**EXERCISE DESCRIPTION**
Make an exact copy of all the records that follow, apart from the pictures.

[Records excerpted from a collection]

#####

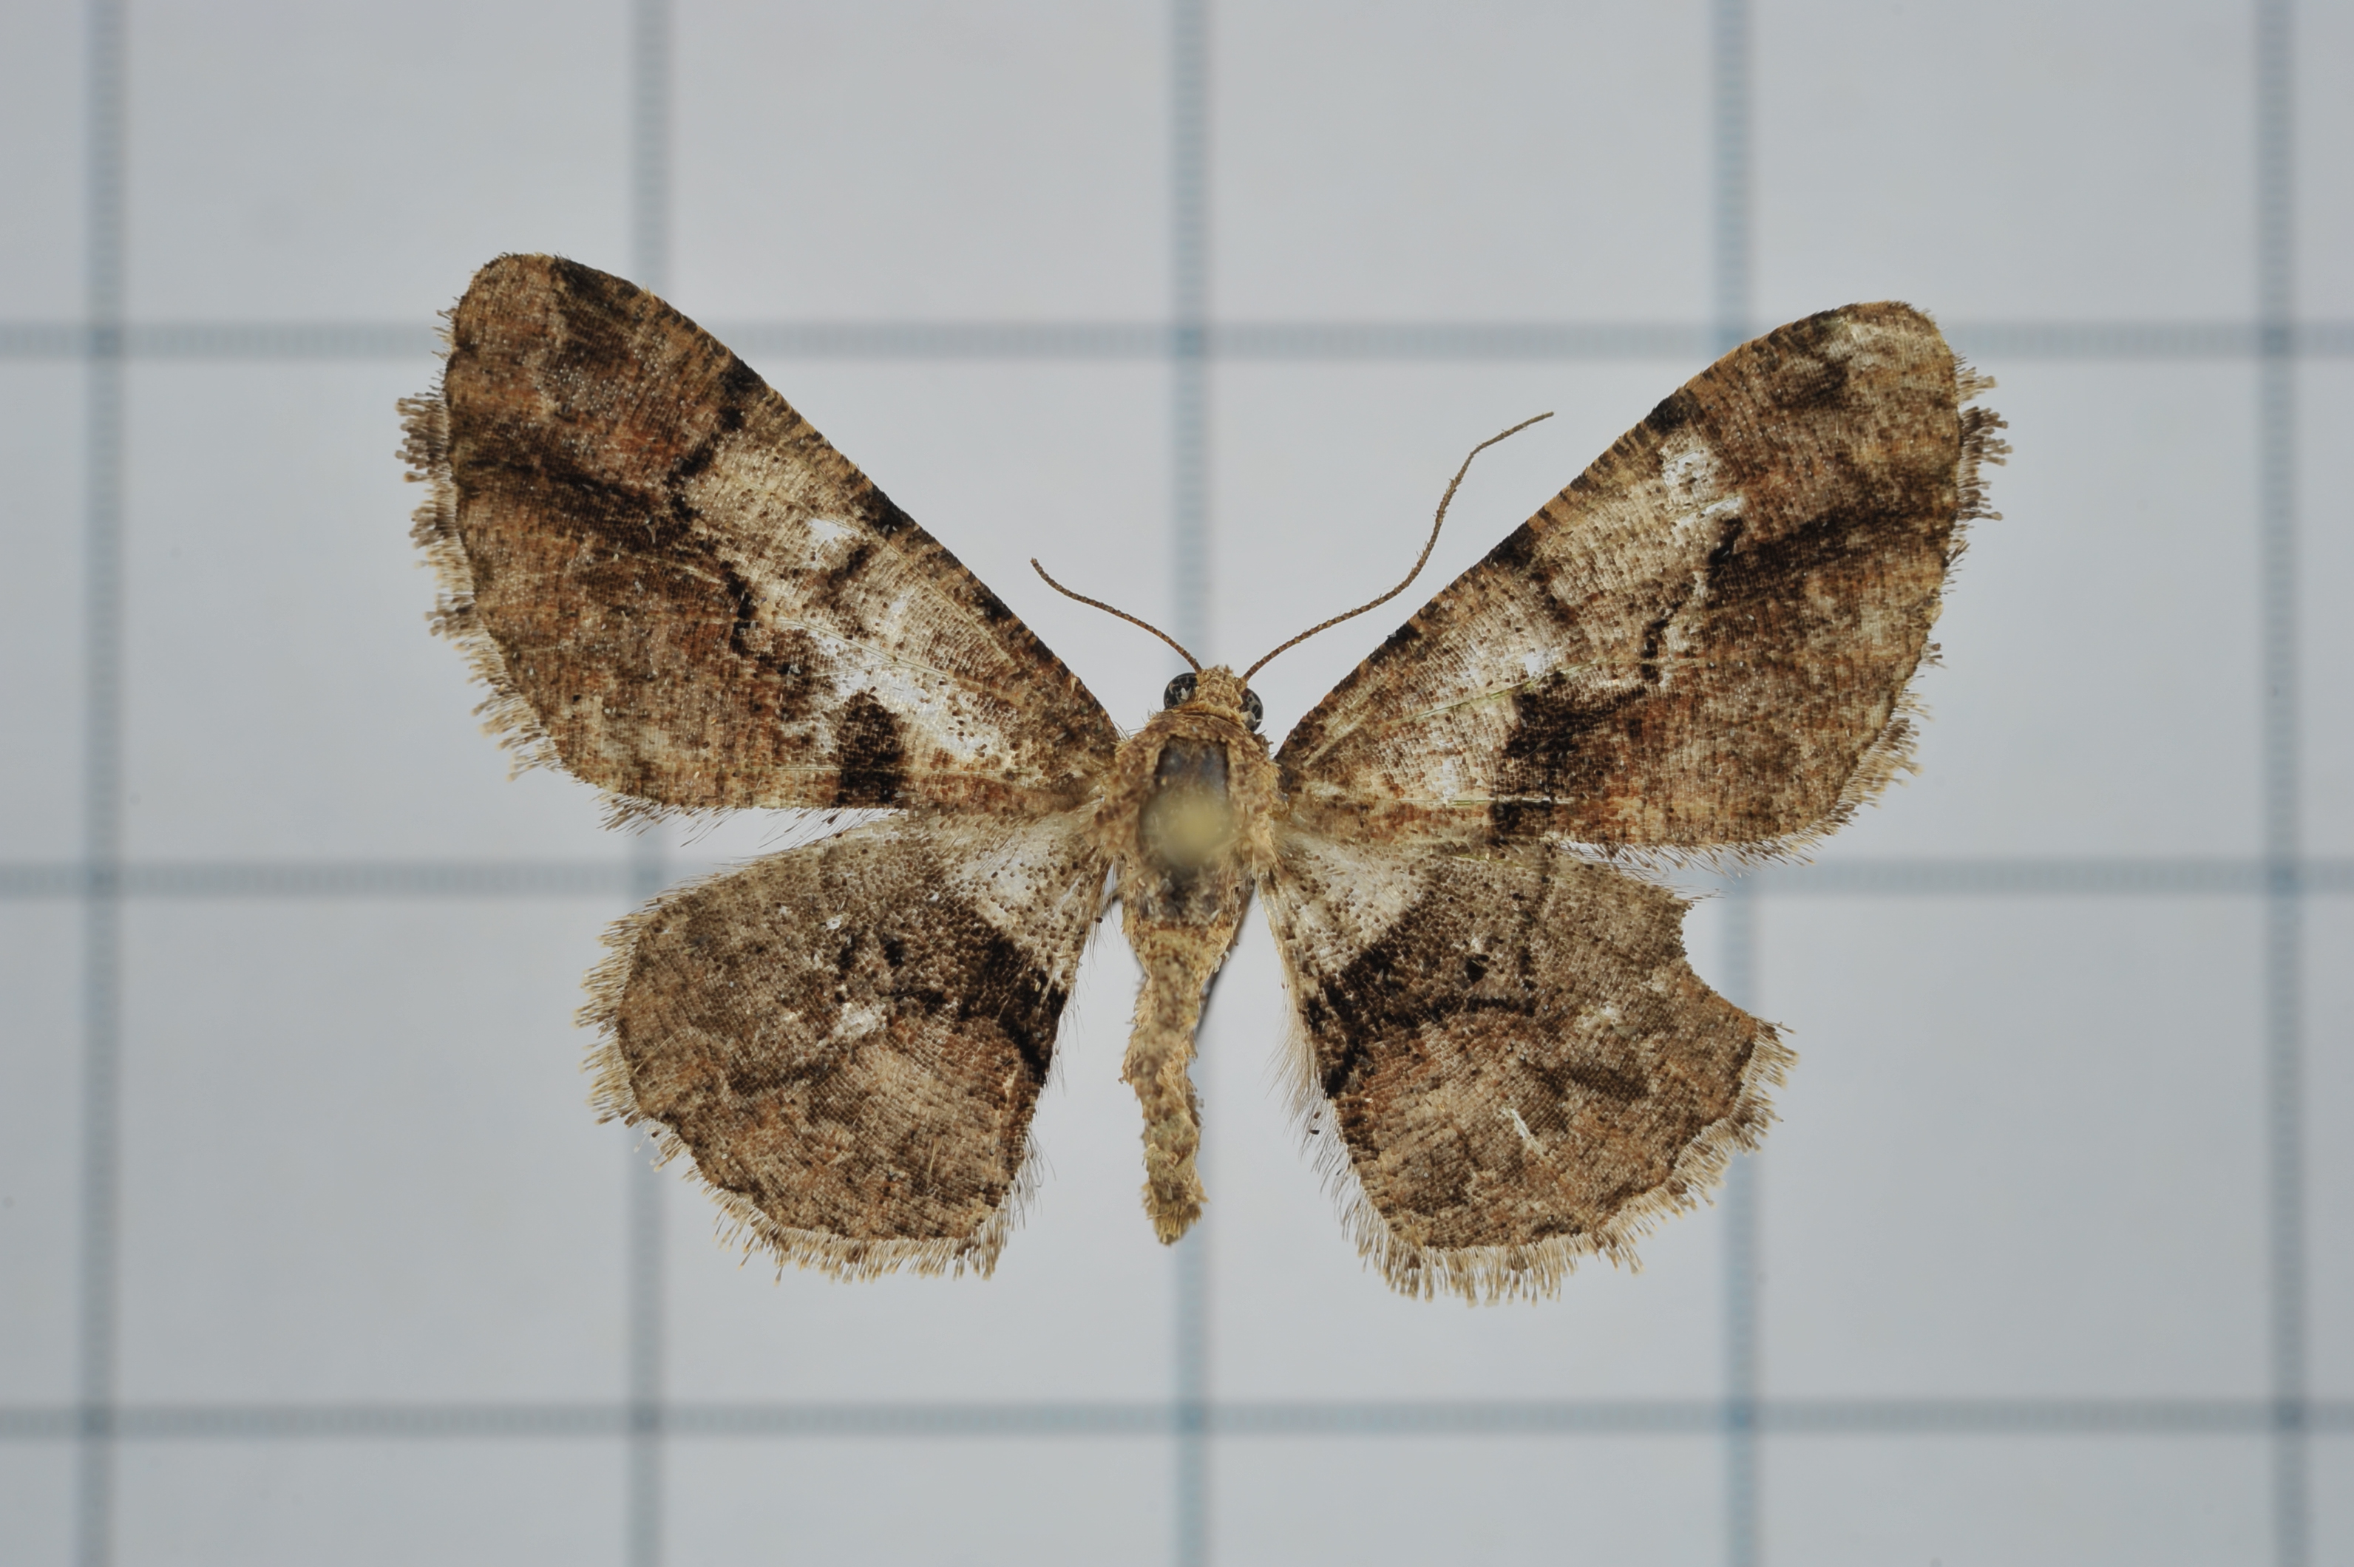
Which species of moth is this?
Satoblephara owadai
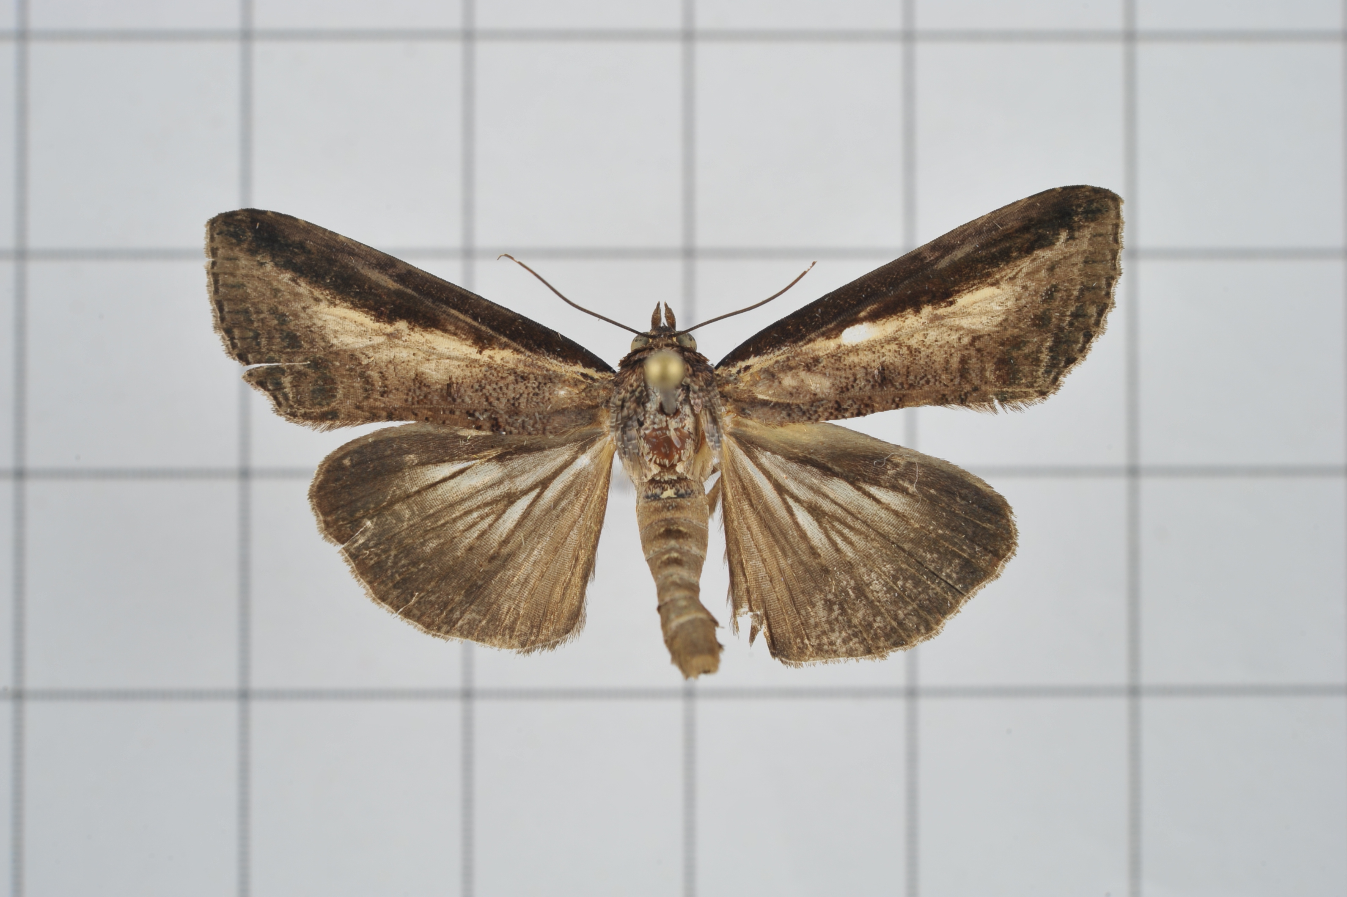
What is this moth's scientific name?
Lophoptera squammigera
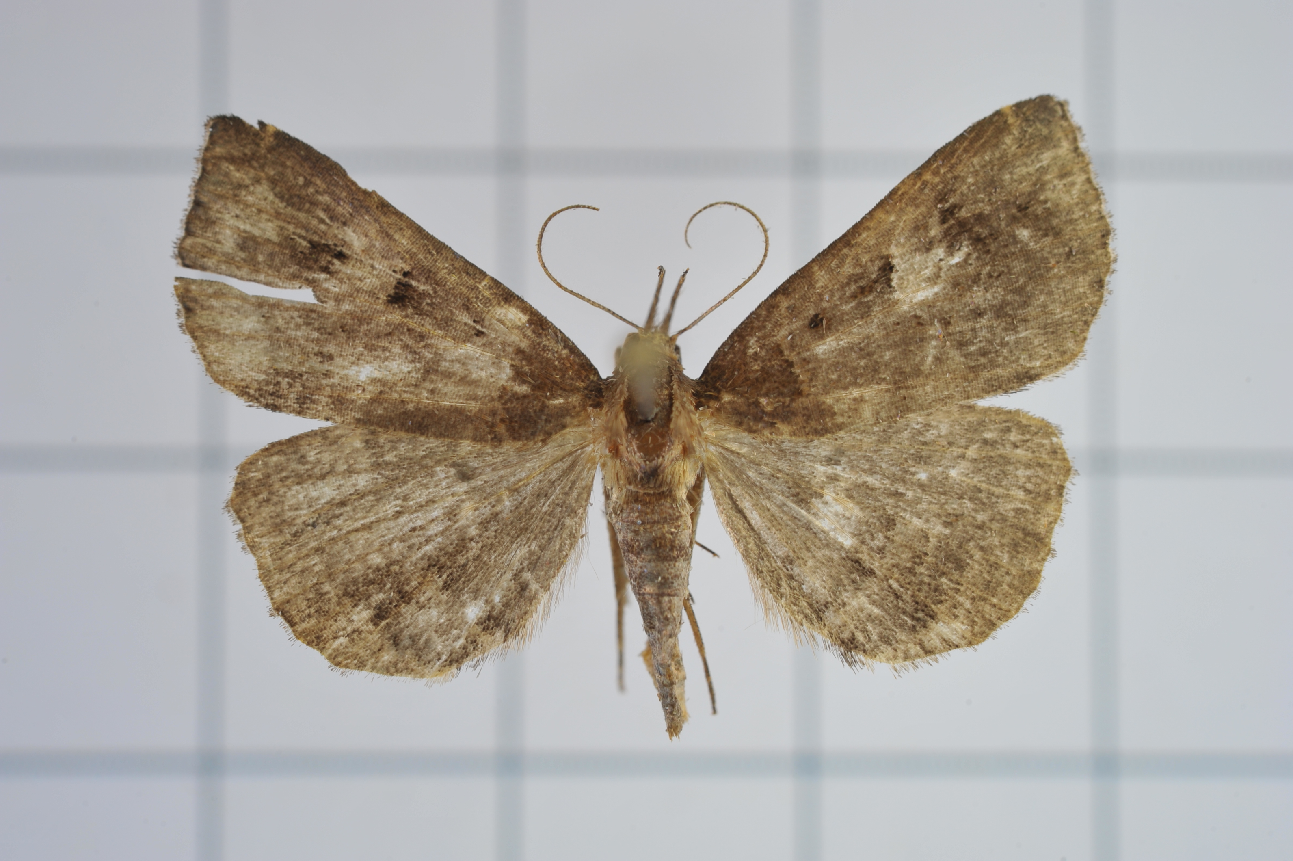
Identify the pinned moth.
Bertula hadenalis
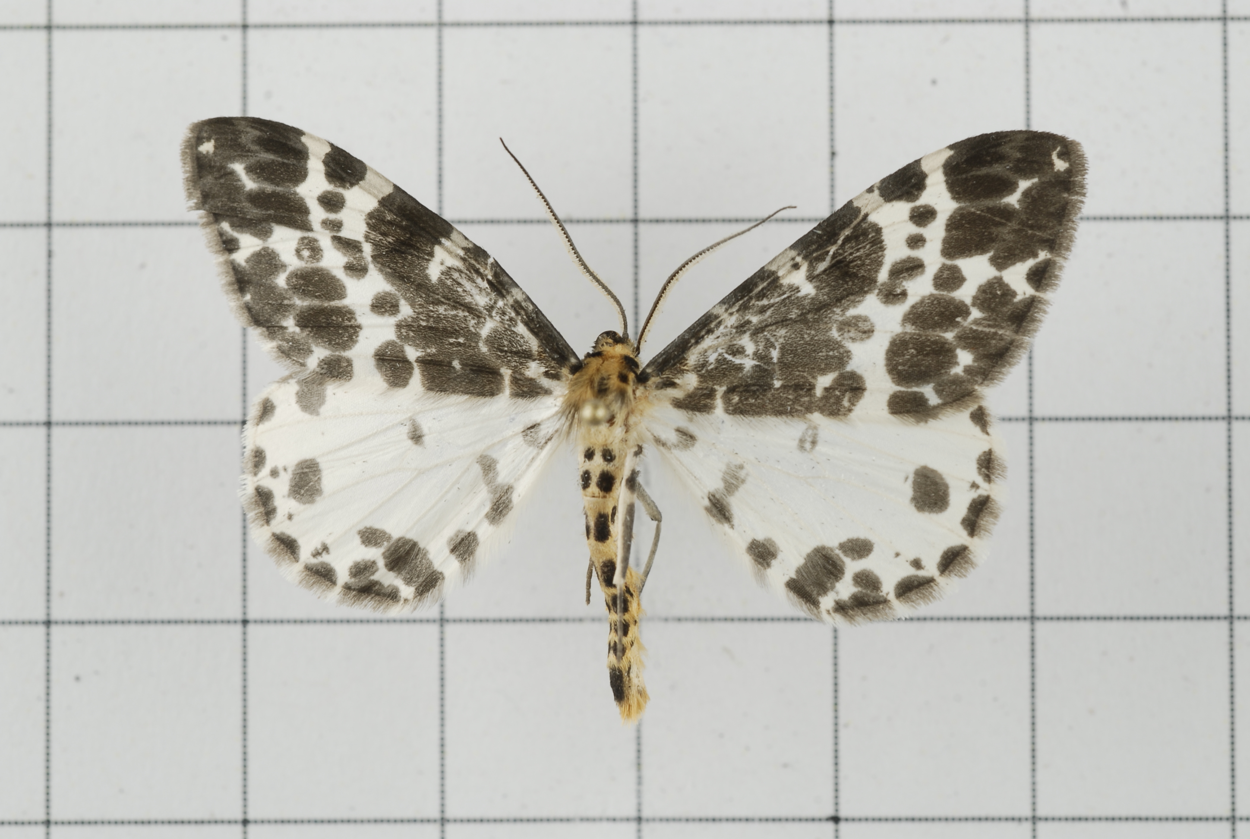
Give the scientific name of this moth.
Dilophodes elegans khasiana

#####

**TASK RESULT**
Which species of moth is this?
Satoblephara owadai
What is this moth's scientific name?
Lophoptera squammigera
Identify the pinned moth.
Bertula hadenalis
Give the scientific name of this moth.
Dilophodes elegans khasiana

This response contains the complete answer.